• Chipping at the Wall With a Nail File

    Posted by star-SirJustin on at

    At least it’s with something sharp.  Surely that represents our underlying need for D/s in our lives, no matter our current predicaments and struggles. 

    For what I’m sure is a multitude of reasons, not least of which is that we are human and live lives, our D/s has run into that dreaded wall this summer.  Gone are the lovely days where I had to change my underwear or liners multiple times a day because they were always wet.  Fewer are the frisky embraces randomly through the times we are in each others presence.  And heaven forbid, we’re not having sex EVERY day 🙁 …BUT…But.  Gone are the evenings of sitting on the opposite sides of the living room in silence.  Fewer are the silences in general.  And damn, if he doesn’t know my body better than ever.  

    It’s still there.  He’s still there.  My Dom is still there.  He remembers me, even when I don’t remember me.  I remember him, even when he doesn’t remember him.  

    And it was in that spirit that Sir took me on one of those rare date nights we all search for while we have 3 kids 4 and under.  Sir asked me to write about the night, and I have procrastinated it, not knowing how to express my feelings or relay the details.  Alas, the details are slipping away with time.  However, the impressions that date night left on me were as follows:

         1. He made the special effort, time, and spent the funds to dote on US in the midst of a slump.

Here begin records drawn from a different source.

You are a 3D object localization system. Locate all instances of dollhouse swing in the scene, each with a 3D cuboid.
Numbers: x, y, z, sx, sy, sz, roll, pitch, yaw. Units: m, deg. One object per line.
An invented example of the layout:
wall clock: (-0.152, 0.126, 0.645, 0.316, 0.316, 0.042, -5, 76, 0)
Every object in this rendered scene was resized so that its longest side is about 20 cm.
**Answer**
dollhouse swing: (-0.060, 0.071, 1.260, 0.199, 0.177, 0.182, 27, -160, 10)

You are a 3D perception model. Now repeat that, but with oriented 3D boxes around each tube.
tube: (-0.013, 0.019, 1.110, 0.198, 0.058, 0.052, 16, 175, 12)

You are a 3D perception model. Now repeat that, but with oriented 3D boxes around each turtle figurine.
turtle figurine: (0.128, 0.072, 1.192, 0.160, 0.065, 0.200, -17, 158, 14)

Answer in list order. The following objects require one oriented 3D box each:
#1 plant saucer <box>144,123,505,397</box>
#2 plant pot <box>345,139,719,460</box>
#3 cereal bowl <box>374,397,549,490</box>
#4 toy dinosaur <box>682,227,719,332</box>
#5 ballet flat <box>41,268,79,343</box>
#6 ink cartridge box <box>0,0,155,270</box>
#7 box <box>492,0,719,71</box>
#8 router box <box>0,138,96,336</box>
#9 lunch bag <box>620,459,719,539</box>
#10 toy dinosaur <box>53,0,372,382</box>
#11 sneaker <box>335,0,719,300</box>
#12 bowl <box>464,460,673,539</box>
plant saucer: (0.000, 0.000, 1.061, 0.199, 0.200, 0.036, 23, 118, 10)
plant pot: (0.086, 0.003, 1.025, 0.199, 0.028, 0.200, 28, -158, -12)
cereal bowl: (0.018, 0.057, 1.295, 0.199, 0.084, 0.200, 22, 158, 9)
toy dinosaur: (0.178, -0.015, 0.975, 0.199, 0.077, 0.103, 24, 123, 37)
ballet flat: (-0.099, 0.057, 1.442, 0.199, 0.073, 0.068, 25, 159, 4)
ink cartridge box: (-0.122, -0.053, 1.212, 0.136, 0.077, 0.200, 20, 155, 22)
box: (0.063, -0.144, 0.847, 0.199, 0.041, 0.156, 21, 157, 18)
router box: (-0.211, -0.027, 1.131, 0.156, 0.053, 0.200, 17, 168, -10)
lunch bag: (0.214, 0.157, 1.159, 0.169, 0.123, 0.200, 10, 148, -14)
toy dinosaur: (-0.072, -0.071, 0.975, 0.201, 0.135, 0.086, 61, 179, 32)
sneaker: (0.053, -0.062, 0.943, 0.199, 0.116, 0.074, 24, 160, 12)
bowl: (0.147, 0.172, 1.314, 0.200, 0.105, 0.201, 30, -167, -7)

         2.  He requested I wear a dress, which I VERY rarely do, and I was able to do so with confidence; a confidence I would never have possessed before our dynamic.

         3. Although I felt neglected because our play had slowed down in intensity, duration, frequency, etc.,  Sir never forgot his desires or mine and challenged me with my first ever canning. 

         4.  He beat the crap out of my butt while I lie across the bed on my stomach, completely unrestrained (I’ve always hinted at that position, but he never utilized it until that night).  I screamed and almost cried throughout, but I didn’t move and he didn’t stop because he knew I didn’t want him to and more importantly, he didn’t want to.  

         5.  I flew and crashed right into his arms and snoozed in comfort until it was time to pick up the littles.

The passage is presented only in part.